Ok so my crazy summer is coming to a very fast end, and just in time as I'm getinging married in a month. Marissa has done all the work planing her ( our) wedding. We have a place booked in Rome for from oct 24- nov 14th" the Domus Adriani" in Rome address is "Via di Pallacorda, 9 " it's by the Spanish steps 
Web sight http://www.hoteladriano.com/inglese/domus.htm

So it's my first time in Rome, anyone/ every one want to point out a few places to eat? I'm looking for the "must go to" places but also any cool little place you might know, love the little places no one knows about I.E. Non tourist traps. We will be spending a good amount of time in Rome but will also be going on "day trips" to other cities and staying in Florence for a few days. 
Thanks
Colin


----------



## sachem allison (Sep 20, 2011)

so I spent two weeks in Rome back when the Pope passed away. not a good time to be there. But i found that there are a lot of great places to eat in the Campo De Fiori neighborhood interesting nightlife. everyone gathers after 10 in the plaza and just hangs out and has a great time. Get to a restaurant before nine. the hours at a lot of Roman restaurants say they close at 10 or 11pm but they actually stop seating a couple hours before. There is a little tiny photo booth size porchetta shop that opens around 9 at night in the Trastevere neighborhood I don't even think it has a name. When you get to the area at night just ask anyone there for porchetta and follow your nose. everyone in the neighborhood heads out that way for a late nite snack and beer. it is amazing.

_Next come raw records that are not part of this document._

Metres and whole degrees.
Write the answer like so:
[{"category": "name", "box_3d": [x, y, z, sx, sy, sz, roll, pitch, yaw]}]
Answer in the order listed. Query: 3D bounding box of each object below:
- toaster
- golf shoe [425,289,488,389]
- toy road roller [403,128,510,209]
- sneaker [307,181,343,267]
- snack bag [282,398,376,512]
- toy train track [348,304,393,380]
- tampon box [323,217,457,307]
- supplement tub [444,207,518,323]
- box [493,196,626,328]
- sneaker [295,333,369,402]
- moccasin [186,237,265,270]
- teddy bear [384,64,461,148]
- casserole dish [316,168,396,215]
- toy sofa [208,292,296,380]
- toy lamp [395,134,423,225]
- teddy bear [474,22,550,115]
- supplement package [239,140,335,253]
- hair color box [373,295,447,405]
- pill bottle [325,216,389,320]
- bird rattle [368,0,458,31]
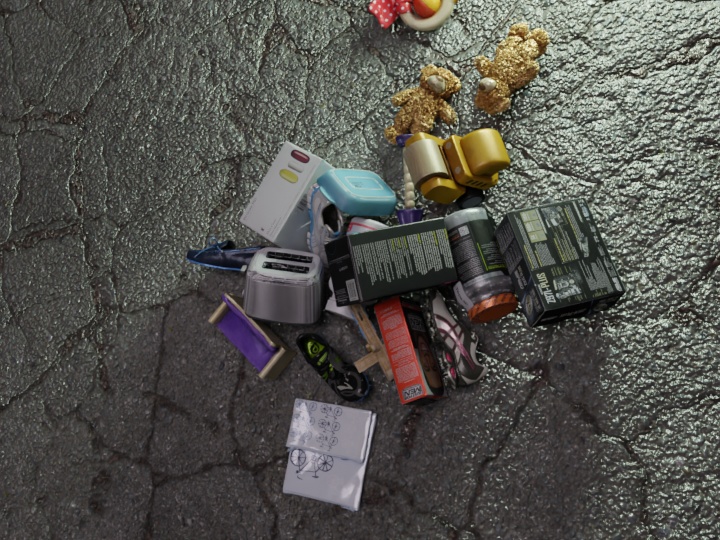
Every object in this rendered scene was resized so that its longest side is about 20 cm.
[{"category": "toaster", "box_3d": [-0.150, 0.034, 1.699, 0.199, 0.130, 0.114, 9, 40, 6]}, {"category": "golf shoe", "box_3d": [0.181, 0.128, 1.590, 0.088, 0.077, 0.201, -16, 72, 1]}, {"category": "toy road roller", "box_3d": [0.196, -0.214, 1.598, 0.146, 0.200, 0.123, -36, 61, 37]}, {"category": "sneaker", "box_3d": [-0.067, -0.080, 1.693, 0.075, 0.201, 0.087, -18, 38, -16]}, {"category": "snack bag", "box_3d": [-0.070, 0.371, 1.660, 0.188, 0.021, 0.201, 6, 79, 26]}, {"category": "toy train track", "box_3d": [0.024, 0.127, 1.616, 0.115, 0.033, 0.200, -31, 98, -20]}, {"category": "tampon box", "box_3d": [0.055, -0.014, 1.555, 0.199, 0.150, 0.127, -11, 87, -20]}, {"category": "supplement tub", "box_3d": [0.224, -0.008, 1.568, 0.122, 0.122, 0.201, -24, 66, 18]}, {"category": "box", "box_3d": [0.358, -0.016, 1.486, 0.163, 0.086, 0.201, -12, 67, -14]}, {"category": "sneaker", "box_3d": [-0.063, 0.198, 1.669, 0.200, 0.083, 0.071, 41, 95, 28]}, {"category": "moccasin", "box_3d": [-0.297, -0.037, 1.855, 0.199, 0.080, 0.068, 6, 93, 14]}, {"category": "teddy bear", "box_3d": [0.131, -0.343, 1.737, 0.200, 0.067, 0.145, -43, 65, 10]}, {"category": "casserole dish", "box_3d": [-0.001, -0.165, 1.675, 0.121, 0.200, 0.039, 49, 122, 27]}, {"category": "toy sofa", "box_3d": [-0.241, 0.140, 1.762, 0.200, 0.098, 0.083, 42, 96, 28]}, {"category": "toy lamp", "box_3d": [0.101, -0.177, 1.696, 0.058, 0.058, 0.201, -1, 89, 25]}, {"category": "teddy bear", "box_3d": [0.300, -0.417, 1.667, 0.200, 0.067, 0.145, -43, 60, 9]}, {"category": "supplement package", "box_3d": [-0.133, -0.146, 1.754, 0.111, 0.156, 0.200, 30, 90, 32]}, {"category": "hair color box", "box_3d": [0.097, 0.157, 1.587, 0.061, 0.101, 0.201, -24, 71, 24]}, {"category": "pill bottle", "box_3d": [0.000, 0.000, 1.680, 0.108, 0.109, 0.201, 18, 83, 28]}, {"category": "bird rattle", "box_3d": [0.125, -0.601, 1.798, 0.200, 0.113, 0.163, -45, 78, 11]}]
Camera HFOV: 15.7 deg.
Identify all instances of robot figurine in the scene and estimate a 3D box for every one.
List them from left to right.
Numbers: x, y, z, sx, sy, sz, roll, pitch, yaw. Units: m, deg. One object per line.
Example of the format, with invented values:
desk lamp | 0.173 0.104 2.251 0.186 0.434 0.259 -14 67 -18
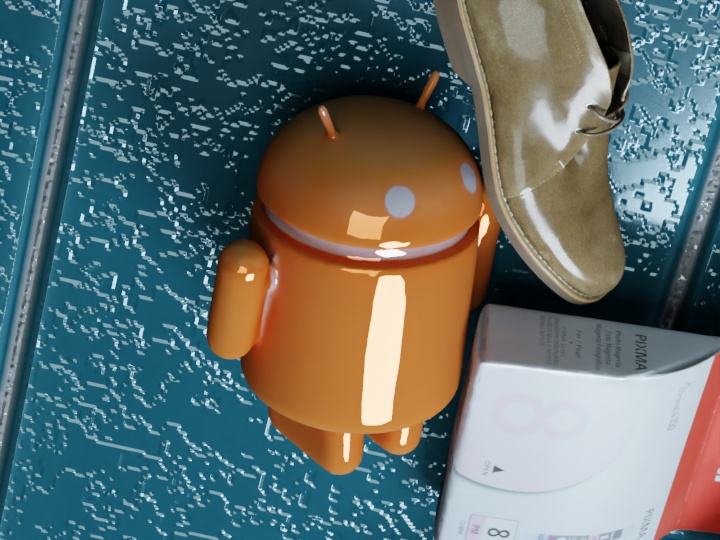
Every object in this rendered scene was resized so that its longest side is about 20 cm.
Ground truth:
robot figurine | -0.001 0.001 1.296 0.143 0.117 0.201 6 118 -1

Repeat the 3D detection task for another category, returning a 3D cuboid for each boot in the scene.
boot | 0.101 -0.071 1.269 0.075 0.074 0.201 -4 120 33

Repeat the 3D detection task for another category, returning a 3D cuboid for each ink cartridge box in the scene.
ink cartridge box | 0.146 0.097 1.354 0.199 0.057 0.163 11 137 1
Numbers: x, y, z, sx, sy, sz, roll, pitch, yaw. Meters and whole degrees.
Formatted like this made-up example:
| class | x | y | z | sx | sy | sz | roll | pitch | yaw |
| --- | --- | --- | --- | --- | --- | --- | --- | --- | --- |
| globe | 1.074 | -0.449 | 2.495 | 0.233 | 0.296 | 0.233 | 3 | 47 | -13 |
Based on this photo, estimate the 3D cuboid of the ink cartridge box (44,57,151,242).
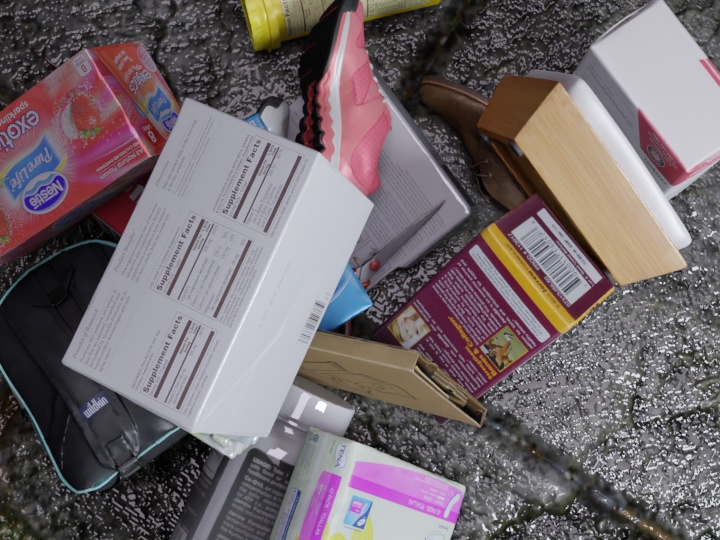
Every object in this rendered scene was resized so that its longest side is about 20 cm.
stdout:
| class | x | y | z | sx | sy | sz | roll | pitch | yaw |
| --- | --- | --- | --- | --- | --- | --- | --- | --- | --- |
| ink cartridge box | -0.227 | -0.083 | 1.050 | 0.200 | 0.176 | 0.084 | 38 | 81 | 6 |

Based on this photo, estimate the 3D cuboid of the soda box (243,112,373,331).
| class | x | y | z | sx | sy | sz | roll | pitch | yaw |
| --- | --- | --- | --- | --- | --- | --- | --- | --- | --- |
| soda box | -0.071 | -0.037 | 1.022 | 0.064 | 0.068 | 0.200 | -32 | 93 | -13 |

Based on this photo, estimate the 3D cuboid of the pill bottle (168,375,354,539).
| class | x | y | z | sx | sy | sz | roll | pitch | yaw |
| --- | --- | --- | --- | --- | --- | --- | --- | --- | --- |
| pill bottle | -0.088 | 0.195 | 1.018 | 0.114 | 0.114 | 0.201 | 26 | 90 | 4 |

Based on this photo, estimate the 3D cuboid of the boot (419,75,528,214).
| class | x | y | z | sx | sy | sz | roll | pitch | yaw |
| --- | --- | --- | --- | --- | --- | --- | --- | --- | --- |
| boot | 0.129 | -0.116 | 1.120 | 0.200 | 0.074 | 0.076 | 38 | 87 | 3 |

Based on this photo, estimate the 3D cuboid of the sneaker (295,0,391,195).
| class | x | y | z | sx | sy | sz | roll | pitch | yaw |
| --- | --- | --- | --- | --- | --- | --- | --- | --- | --- |
| sneaker | -0.010 | -0.161 | 1.072 | 0.086 | 0.074 | 0.201 | 11 | 79 | -28 |

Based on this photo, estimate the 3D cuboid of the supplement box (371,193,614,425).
| class | x | y | z | sx | sy | sz | roll | pitch | yaw |
| --- | --- | --- | --- | --- | --- | --- | --- | --- | --- |
| supplement box | 0.114 | 0.038 | 1.019 | 0.086 | 0.200 | 0.110 | -32 | 80 | -43 |

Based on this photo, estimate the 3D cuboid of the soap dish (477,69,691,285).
| class | x | y | z | sx | sy | sz | roll | pitch | yaw |
| --- | --- | --- | --- | --- | --- | --- | --- | --- | --- |
| soap dish | 0.194 | -0.083 | 1.015 | 0.081 | 0.157 | 0.200 | -39 | 106 | 0 |

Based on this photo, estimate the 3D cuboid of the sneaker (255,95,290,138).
| class | x | y | z | sx | sy | sz | roll | pitch | yaw |
| --- | --- | --- | --- | --- | --- | --- | --- | --- | --- |
| sneaker | -0.064 | -0.062 | 1.097 | 0.115 | 0.076 | 0.201 | 11 | 94 | 0 |

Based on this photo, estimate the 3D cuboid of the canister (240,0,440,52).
| class | x | y | z | sx | sy | sz | roll | pitch | yaw |
| --- | --- | --- | --- | --- | --- | --- | --- | --- | --- |
| canister | -0.029 | -0.316 | 1.144 | 0.199 | 0.087 | 0.149 | -14 | 80 | -5 |

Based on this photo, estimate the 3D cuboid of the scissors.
| class | x | y | z | sx | sy | sz | roll | pitch | yaw |
| --- | --- | --- | --- | --- | --- | --- | --- | --- | --- |
| scissors | 0.000 | 0.000 | 1.074 | 0.073 | 0.014 | 0.200 | 29 | 105 | -30 |

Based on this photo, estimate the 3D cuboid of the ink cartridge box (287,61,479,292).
| class | x | y | z | sx | sy | sz | roll | pitch | yaw |
| --- | --- | --- | --- | --- | --- | --- | --- | --- | --- |
| ink cartridge box | -0.009 | -0.084 | 1.124 | 0.173 | 0.044 | 0.200 | -38 | 82 | 18 |

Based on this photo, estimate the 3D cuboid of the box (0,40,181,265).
| class | x | y | z | sx | sy | sz | roll | pitch | yaw |
| --- | --- | --- | --- | --- | --- | --- | --- | --- | --- |
| box | -0.250 | -0.094 | 0.942 | 0.200 | 0.095 | 0.103 | -29 | 95 | 22 |

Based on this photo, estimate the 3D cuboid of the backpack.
| class | x | y | z | sx | sy | sz | roll | pitch | yaw |
| --- | --- | --- | --- | --- | --- | --- | --- | --- | --- |
| backpack | -0.230 | 0.079 | 1.030 | 0.176 | 0.153 | 0.200 | -37 | 89 | -1 |

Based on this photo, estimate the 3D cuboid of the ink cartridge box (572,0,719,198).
| class | x | y | z | sx | sy | sz | roll | pitch | yaw |
| --- | --- | --- | --- | --- | --- | --- | --- | --- | --- |
| ink cartridge box | 0.264 | -0.140 | 1.058 | 0.085 | 0.200 | 0.146 | -34 | 82 | -6 |

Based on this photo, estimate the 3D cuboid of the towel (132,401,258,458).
| class | x | y | z | sx | sy | sz | roll | pitch | yaw |
| --- | --- | --- | --- | --- | --- | --- | --- | --- | --- |
| towel | -0.123 | 0.029 | 0.922 | 0.171 | 0.048 | 0.201 | 25 | 87 | 13 |

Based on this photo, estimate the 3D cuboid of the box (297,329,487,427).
| class | x | y | z | sx | sy | sz | roll | pitch | yaw |
| --- | --- | --- | --- | --- | --- | --- | --- | --- | --- |
| box | -0.005 | 0.086 | 0.992 | 0.199 | 0.163 | 0.021 | 10 | 72 | 31 |

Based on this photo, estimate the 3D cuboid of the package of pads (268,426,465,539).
| class | x | y | z | sx | sy | sz | roll | pitch | yaw |
| --- | --- | --- | --- | --- | --- | --- | --- | --- | --- |
| package of pads | 0.005 | 0.238 | 0.990 | 0.068 | 0.200 | 0.155 | 11 | 77 | 39 |

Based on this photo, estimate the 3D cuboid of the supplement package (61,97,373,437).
| class | x | y | z | sx | sy | sz | roll | pitch | yaw |
| --- | --- | --- | --- | --- | --- | --- | --- | --- | --- |
| supplement package | -0.095 | 0.005 | 0.815 | 0.111 | 0.156 | 0.201 | 24 | 87 | 17 |

The best handmade chocolates and candies you will ever have is made by a very small husband and wife team in a place called
MORIONDO E GARIGLIO
Traditional, old-fashoned chocolate and pralines shop - all presented in personalized, exquisite packagings
Via Piè di Marmo, 21/22
The best Roman desserts at:
FORNO DEL GHETTO
Jewish pastries with marzipan and candied fruit - ricotta cakes with chocolate or sour cherries - traditional Roman cakes
Via del Portico d'Ottavia, 1 

Hopes this helps a little.

Remember taxis are not like in NYC you can't just hail a cab, you have to go to a taxi stop and wait in line for a cab. first come first serve. However if you are only two and a larger group is waiting behind you and a van pulls up they go first. cars are for smaller groups vans larger.

your wife should keep her shoulders covered if visiting a church or holy place, either long sleeves or a shawl will do. If you are together you should always be seen paying, a lot of old timers don't like uppity women and will let you know about it. There are 2 public restrooms in Rome, The bus terminal and I think the Armoury I'm not to sure I remember the second one.


----------



## sachem allison (Sep 20, 2011)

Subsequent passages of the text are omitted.